Wednesday, October 10, 2012

Ever Breaks It Down

Last night Ever rolled off the big bed in her sleep, head first onto the little mattress on the floor. I was online and I heard her tiny little voice in the darkness ' Oh I fall down! ' The cuteness factor of this age is over the top.

The obsessed with Mommy factor is over the top too. She loves Barney and the theme song ' I love you / you love me /we're a happy family ' but lately has been singing to herself:  ' I love Mommy ' I die.

Whenever she hears any child crying she gets extremely concerned and wants to find them and see if they are OK, all the while exclaiming ' Cryyyan? Cryan? ' This can be very awkward in Target. 

The sight of her tiny shoulder blades as she walks away from me slays me. The vulnerability.

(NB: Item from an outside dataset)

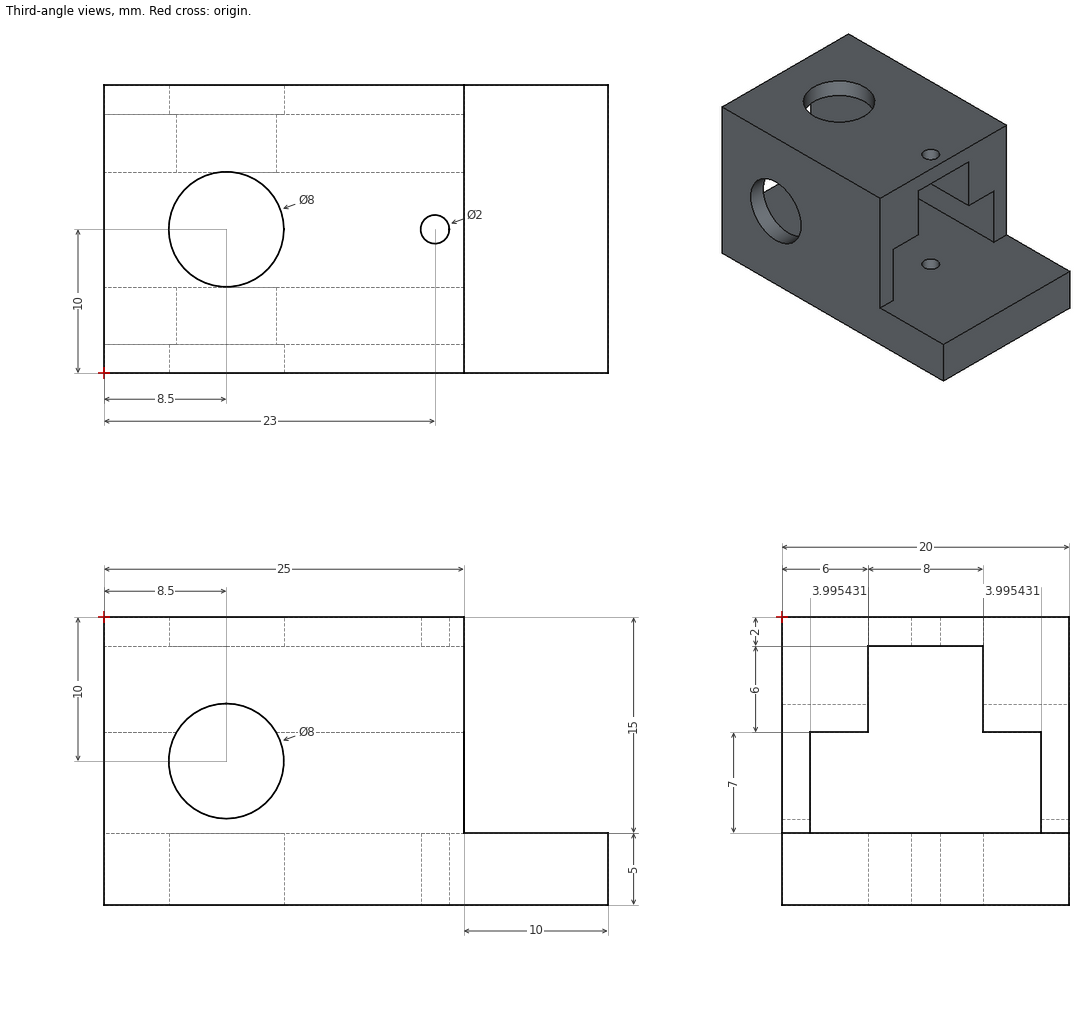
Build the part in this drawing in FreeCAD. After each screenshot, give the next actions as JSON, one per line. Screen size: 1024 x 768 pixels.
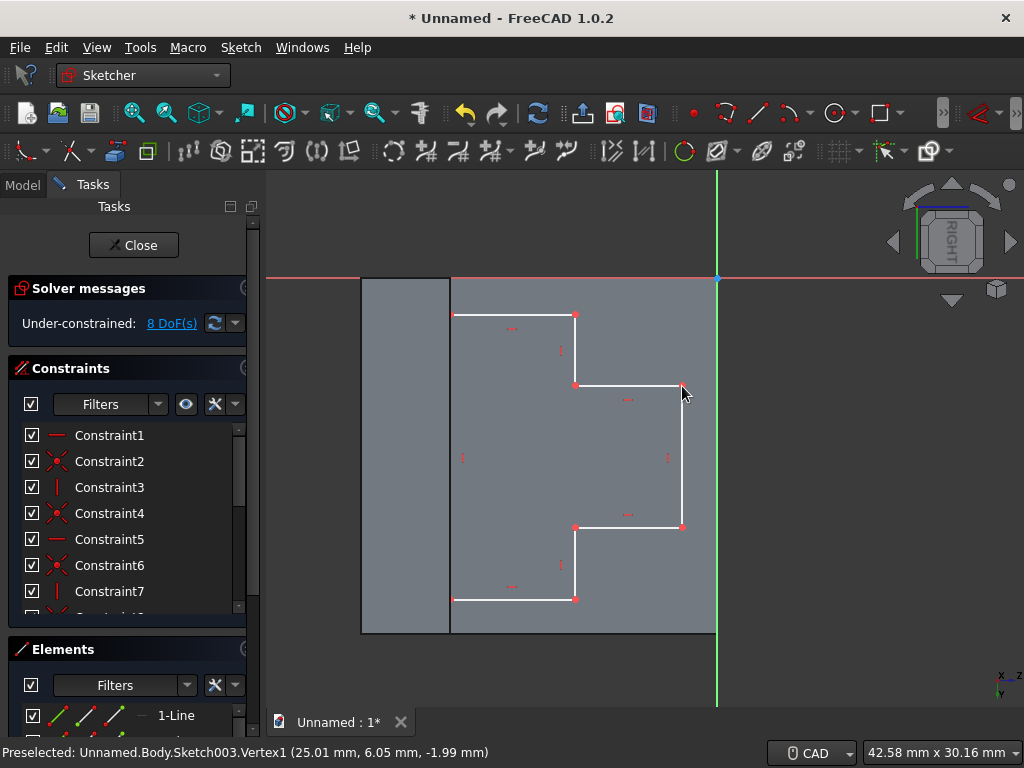
{"action": "left_click", "coordinate": [978, 114]}
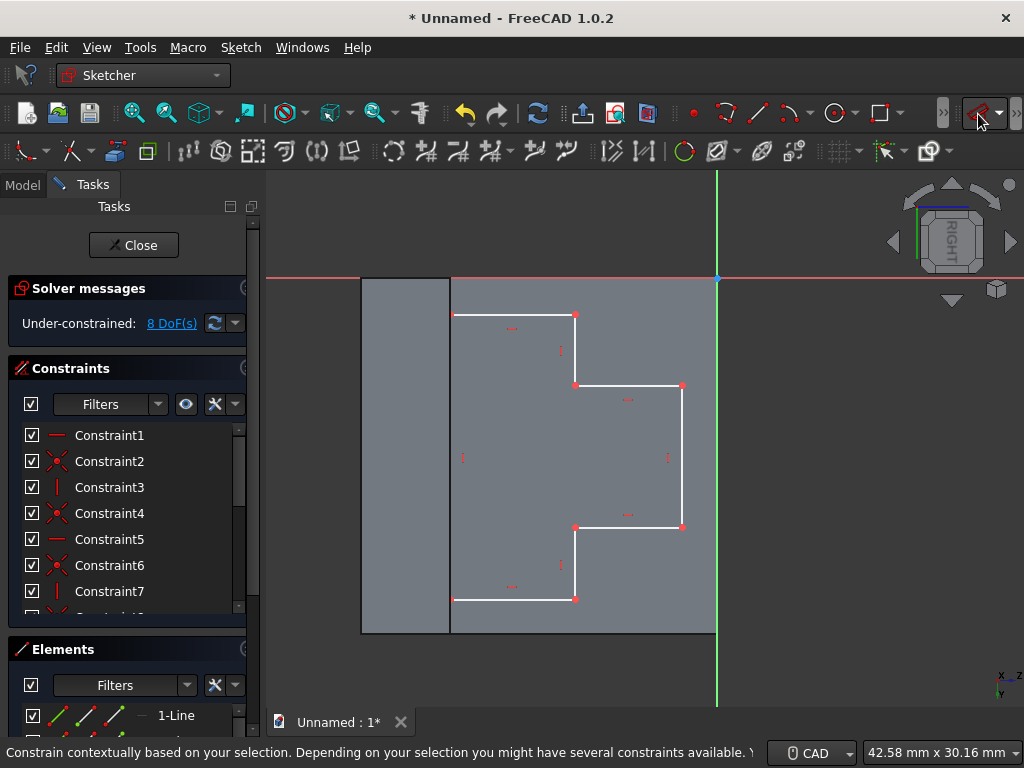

I can't allow myself to stay depressed, because then I will get even more depressed that I missed these precious- no better word- and brief moments in time, with my very last baby. She and I aren't separated yet. The way that I parent leaves the independence cues to the child, and so far she's still momcentric. She loves Daddy and her family and can be away from me while I shop or spend time with Lola or whatever, but within a few hours she's looking for me, and my arms and chest space feel achy for her. She's getting two teeth and nursing more. I pick her up and she pats my breast and says in the most tender voice 'tootsie-eye', which means boobs. No matter my first or fourth child, the complete devotion and trust of a baby and child absolutely melts and reforms me into the best version of myself. I can be patient because she believes I will be; I can be loving because she believes I am; I can be strong because she believes I am. She is self confident and assured of her place in this world and the world's attitude toward her because she has perfect confidence in me.